El lugar que propuso Marian Eliot para llevar a cabo su conversación fue su propia casa, que se hallaba al otro lado del camino, a cien metros de la de Carl Muller, colina abajo. La ubicación exacta resultó no ser tanto su casa como su sendero de entrada, donde la mujer reclutó la ayuda de Gurney para que sacara sacos de musgo de turba y mantillo de la parte de atrás del Land Rover.
Ella había cambiado el garrote por una azada y estaba de pie al borde de un jardín de rosas, a unos tres metros del vehículo. Mientras Gurney levantaba los sacos y los colocaba en una carretilla, Eliot le preguntó por su papel preciso en la investigación y su posición en la cadena de mando de la Policía del estado.
Su explicación de que era «asesor de pruebas» que había sido contratado por la madre de la víctima de manera externa al proceso oficial del DIC fue recibida con una mirada escéptica y los labios apretados.
—¿Qué demonios se supone que significa eso?
Gurney decidió arriesgarse y respondió sin rodeos.

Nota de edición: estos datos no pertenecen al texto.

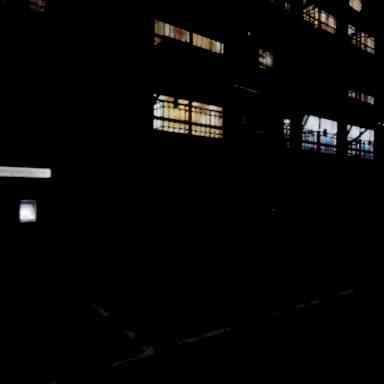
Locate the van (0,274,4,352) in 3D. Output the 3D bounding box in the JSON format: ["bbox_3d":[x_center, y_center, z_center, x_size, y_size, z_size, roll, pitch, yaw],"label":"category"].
[{"bbox_3d":[-4.227,1.331,3.539,3.998,1.788,1.690,0,0,-35],"label":"van"}]
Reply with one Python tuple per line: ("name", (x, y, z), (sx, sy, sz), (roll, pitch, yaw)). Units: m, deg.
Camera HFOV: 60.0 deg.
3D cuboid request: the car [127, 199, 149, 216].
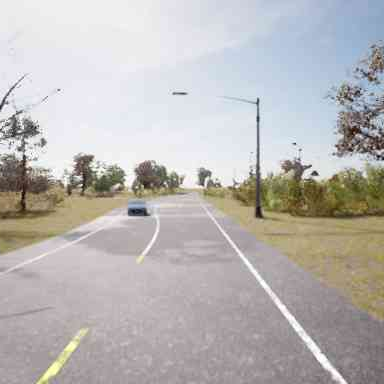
("car", (-5.267, 1.460, 32.391), (1.882, 1.535, 5.008), (0, 0, -7))
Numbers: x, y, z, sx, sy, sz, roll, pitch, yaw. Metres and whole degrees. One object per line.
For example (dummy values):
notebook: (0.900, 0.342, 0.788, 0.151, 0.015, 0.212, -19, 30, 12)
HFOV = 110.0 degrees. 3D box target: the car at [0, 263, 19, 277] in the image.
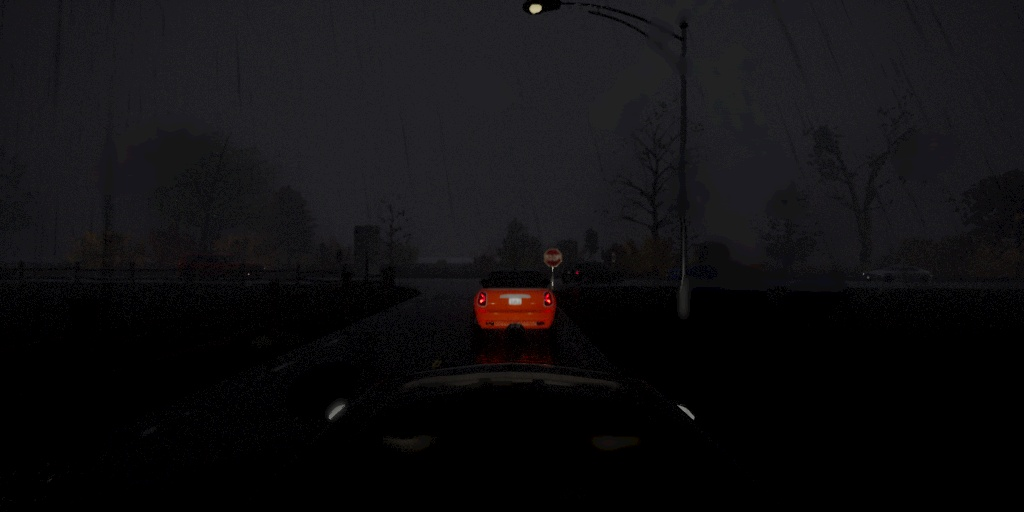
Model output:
car: (-39.638, 0.935, 26.403, 5.008, 1.535, 1.882, 0, 0, 0)

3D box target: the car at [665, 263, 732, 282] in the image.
car: (15.214, 1.322, 29.390, 5.008, 1.535, 1.882, 0, 0, 0)

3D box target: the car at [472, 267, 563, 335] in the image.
car: (0.068, 1.096, 10.637, 2.097, 1.767, 4.553, 0, 0, 0)

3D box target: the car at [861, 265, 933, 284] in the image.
car: (31.552, 1.485, 29.403, 4.674, 1.442, 1.812, 0, 0, 0)

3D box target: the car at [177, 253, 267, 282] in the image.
car: (-21.254, 0.819, 26.403, 5.566, 2.045, 2.150, 1, 0, 0)

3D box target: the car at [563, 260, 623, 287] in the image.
car: (5.782, 1.159, 25.630, 4.553, 1.767, 2.097, 0, 1, -29)
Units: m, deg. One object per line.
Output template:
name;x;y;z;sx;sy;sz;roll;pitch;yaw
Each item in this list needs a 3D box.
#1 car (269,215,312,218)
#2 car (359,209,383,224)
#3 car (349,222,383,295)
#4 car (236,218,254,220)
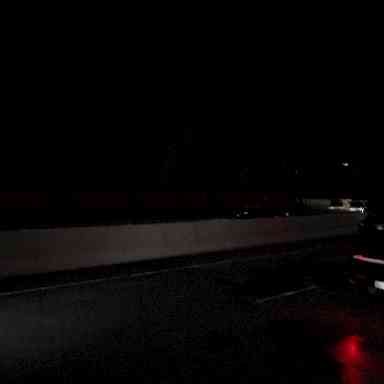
car;8.537;1.796;28.538;4.892;1.490;1.837;1;0;-44
car;9.495;1.557;15.215;4.553;1.767;2.097;1;-1;-39
car;5.612;1.603;7.792;4.902;1.511;2.128;1;-1;-36
car;5.725;1.803;30.686;4.674;1.442;1.812;1;0;-44
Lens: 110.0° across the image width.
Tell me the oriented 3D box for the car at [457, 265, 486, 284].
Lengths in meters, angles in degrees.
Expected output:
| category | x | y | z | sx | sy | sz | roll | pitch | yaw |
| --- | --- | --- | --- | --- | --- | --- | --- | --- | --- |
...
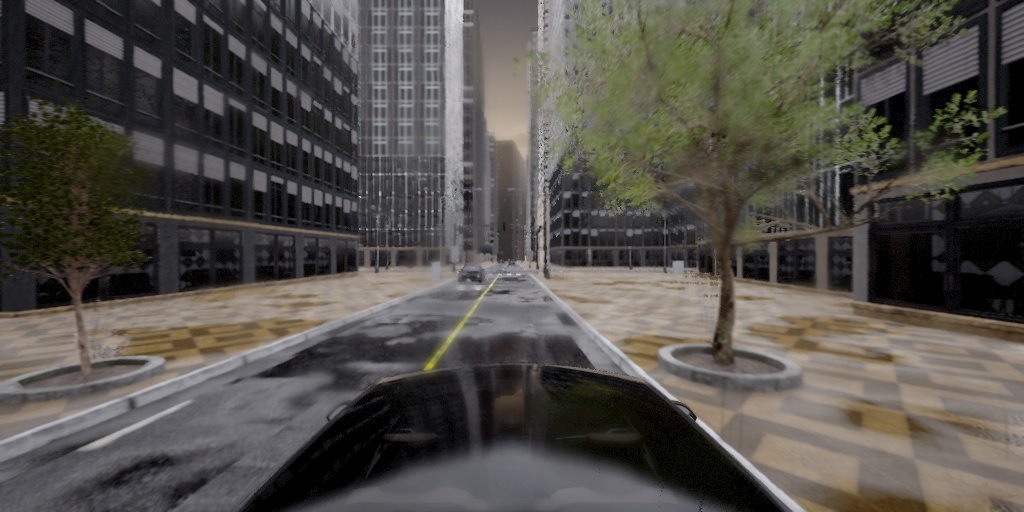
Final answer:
| category | x | y | z | sx | sy | sz | roll | pitch | yaw |
| --- | --- | --- | --- | --- | --- | --- | --- | --- | --- |
| car | -3.084 | 1.413 | 28.456 | 2.033 | 1.411 | 5.357 | 0 | 0 | 0 |
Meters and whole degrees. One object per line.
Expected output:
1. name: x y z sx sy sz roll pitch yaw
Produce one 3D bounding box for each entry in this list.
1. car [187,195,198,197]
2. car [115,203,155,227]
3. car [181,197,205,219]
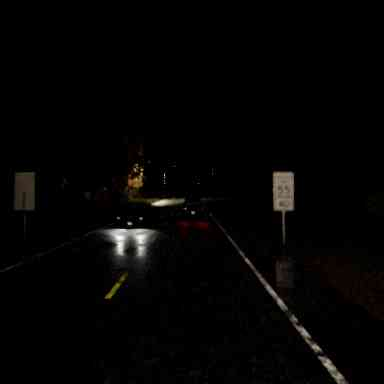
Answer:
1. car: 0.096 1.123 42.619 2.097 1.767 4.553 0 0 0
2. car: -3.567 1.410 21.711 2.033 1.411 5.357 0 0 0
3. car: 0.090 1.361 27.122 1.812 1.442 4.674 0 0 0
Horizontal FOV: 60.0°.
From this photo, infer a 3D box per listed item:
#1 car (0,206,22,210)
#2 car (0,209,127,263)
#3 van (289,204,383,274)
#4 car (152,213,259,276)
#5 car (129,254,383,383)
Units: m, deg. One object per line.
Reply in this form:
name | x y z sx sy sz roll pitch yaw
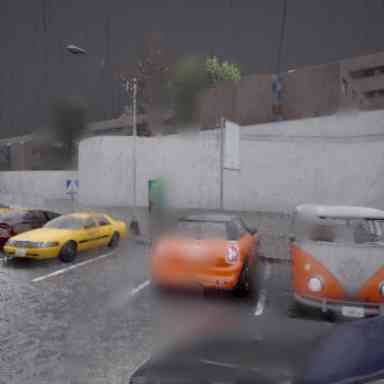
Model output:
car | -6.652 1.480 14.259 2.163 1.488 4.792 0 -1 15
car | -4.275 1.459 12.318 1.946 1.575 5.366 1 0 16
van | 3.041 1.265 7.184 1.878 1.987 4.442 1 0 16
car | 0.621 1.359 9.005 2.185 1.767 4.553 0 -1 15
car | 2.000 1.547 1.950 5.357 1.411 2.033 0 0 35
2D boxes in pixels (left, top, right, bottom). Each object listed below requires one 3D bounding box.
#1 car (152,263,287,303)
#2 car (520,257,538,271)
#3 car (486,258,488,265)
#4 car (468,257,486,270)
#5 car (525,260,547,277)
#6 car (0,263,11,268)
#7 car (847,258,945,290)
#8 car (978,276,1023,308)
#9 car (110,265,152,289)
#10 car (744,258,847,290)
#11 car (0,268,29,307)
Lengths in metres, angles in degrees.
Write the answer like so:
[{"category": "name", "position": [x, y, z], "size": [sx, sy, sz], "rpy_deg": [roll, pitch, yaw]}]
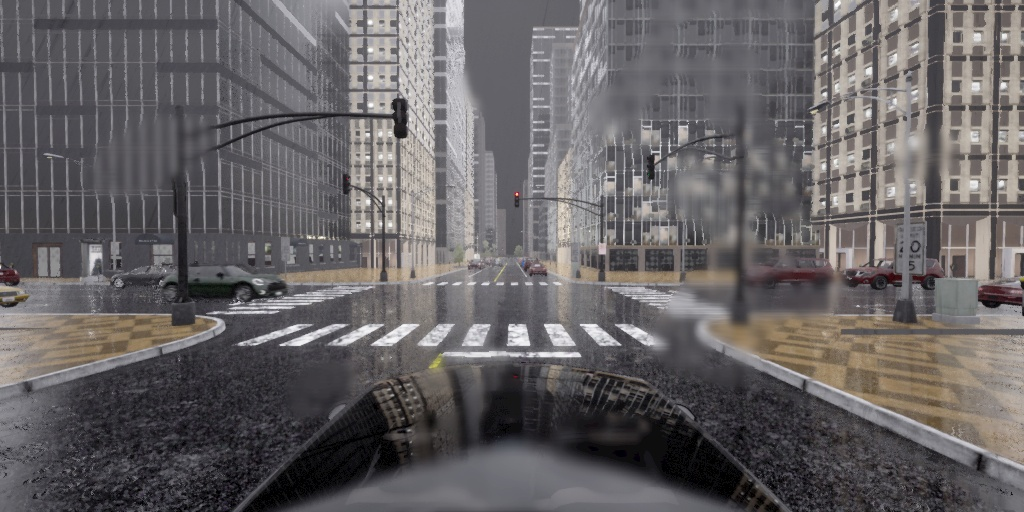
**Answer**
[{"category": "car", "position": [-12.748, 1.095, 16.135], "size": [4.553, 1.767, 2.097], "rpy_deg": [0, 1, 0]}, {"category": "car", "position": [2.574, 1.046, 46.834], "size": [2.192, 1.841, 5.009], "rpy_deg": [0, 0, 0]}, {"category": "car", "position": [-5.289, 1.307, 57.863], "size": [1.802, 1.307, 4.207], "rpy_deg": [0, 0, 0]}, {"category": "car", "position": [-5.291, 1.168, 52.338], "size": [1.967, 1.591, 4.097], "rpy_deg": [0, 0, 0]}, {"category": "car", "position": [2.548, 1.319, 35.785], "size": [1.802, 1.307, 4.207], "rpy_deg": [0, 0, 0]}, {"category": "car", "position": [-32.556, 1.077, 21.485], "size": [4.097, 1.591, 1.967], "rpy_deg": [0, 0, 0]}, {"category": "car", "position": [22.902, 1.032, 21.656], "size": [5.009, 1.841, 2.192], "rpy_deg": [0, 0, 0]}, {"category": "car", "position": [20.186, 1.418, 13.512], "size": [4.207, 1.307, 1.802], "rpy_deg": [0, 0, 0]}, {"category": "car", "position": [-21.440, 1.204, 21.576], "size": [4.403, 1.370, 2.007], "rpy_deg": [0, 0, 0]}, {"category": "car", "position": [16.570, 1.024, 21.644], "size": [5.009, 1.841, 2.192], "rpy_deg": [0, 0, 0]}, {"category": "car", "position": [-21.255, 1.301, 13.438], "size": [4.829, 1.417, 1.751], "rpy_deg": [0, 0, 0]}]
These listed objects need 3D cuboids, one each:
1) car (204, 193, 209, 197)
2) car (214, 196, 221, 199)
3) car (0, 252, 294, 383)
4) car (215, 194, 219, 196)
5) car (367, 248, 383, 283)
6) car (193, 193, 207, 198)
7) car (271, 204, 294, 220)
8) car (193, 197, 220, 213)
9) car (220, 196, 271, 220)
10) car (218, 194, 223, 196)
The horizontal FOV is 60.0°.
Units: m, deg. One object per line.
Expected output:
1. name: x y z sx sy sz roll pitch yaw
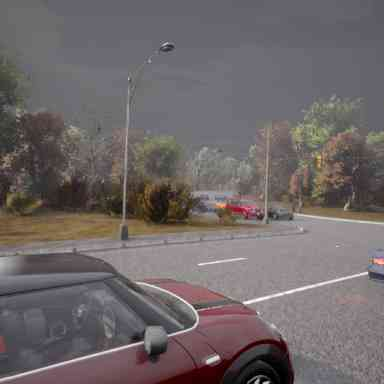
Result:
1. car: 2.914 1.052 78.394 2.128 1.511 4.902 2 2 -1
2. car: 4.953 1.928 47.480 2.097 1.767 4.553 3 1 -17
3. car: -1.180 1.354 2.905 4.553 1.767 2.097 0 0 -36
4. car: 6.368 1.173 79.475 1.994 1.385 4.181 2 2 -1
5. car: 6.573 1.664 8.462 5.357 1.411 2.033 2 -1 -36
6. car: 1.038 1.538 63.594 1.994 1.385 4.181 2 2 -10
7. car: 9.074 2.101 36.459 2.097 1.767 4.553 3 -1 -23
8. car: 2.003 1.960 45.173 1.837 1.490 4.892 3 1 -17
9. car: 5.573 1.813 35.677 2.150 2.045 5.566 3 -1 -22
10. car: 7.450 1.566 69.271 1.837 1.490 4.892 2 3 -8
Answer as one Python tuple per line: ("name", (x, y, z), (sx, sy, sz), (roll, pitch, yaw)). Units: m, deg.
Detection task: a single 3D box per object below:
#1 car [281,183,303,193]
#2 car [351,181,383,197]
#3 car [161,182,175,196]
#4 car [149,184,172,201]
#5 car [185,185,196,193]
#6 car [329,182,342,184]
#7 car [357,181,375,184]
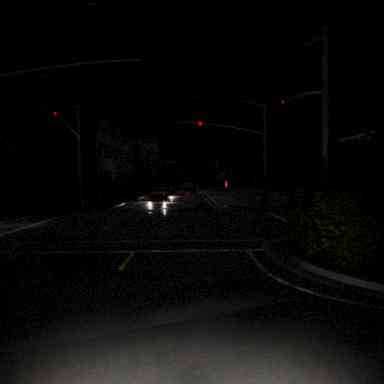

—Le diré lo que significa si no se lo cuenta a nadie. Me permite llevar a cabo una investigación sin esperar a que el estado emita una licencia oficial de investigador privado. Si quiere comprobar mi historial como detective de Homicidios del Departamento de Policía de Nueva York, llame al rinoceronte listo, cuyo nombre, por cierto, es Jack Hardwick.
—Ja. ¡Buena suerte con el estado! ¿Cree que podría empujar esta carretilla hasta allí?
Gurney lo interpretó como su forma de aceptar la situación tal como era. Hizo tres viajes más entre la parte de detrás del Land Rover y el jardín de rosas. Después del tercero, ella lo invitó a sentarse en un banco de hierro forjado pintado con esmalte blanco, bajo un manzano muy crecido cuya fruta aún estaba verde y fuera de su alcance.
Marian Eliot se volvió para poder verlo de frente.
—¿Qué es todo eso de las piezas que faltan?
—Ya llegaremos a las piezas que faltan, pero antes necesito plantear unas cuantas preguntas que me ayuden a orientarme. —Estaba buscando a tientas un equilibrio entre firmeza y ligereza, observando el lenguaje corporal de la mujer en busca de signos que indicaran la necesidad de un cambio de ritmo—. Primera pregunta: ¿cómo describiría al doctor Ashton en una frase o dos?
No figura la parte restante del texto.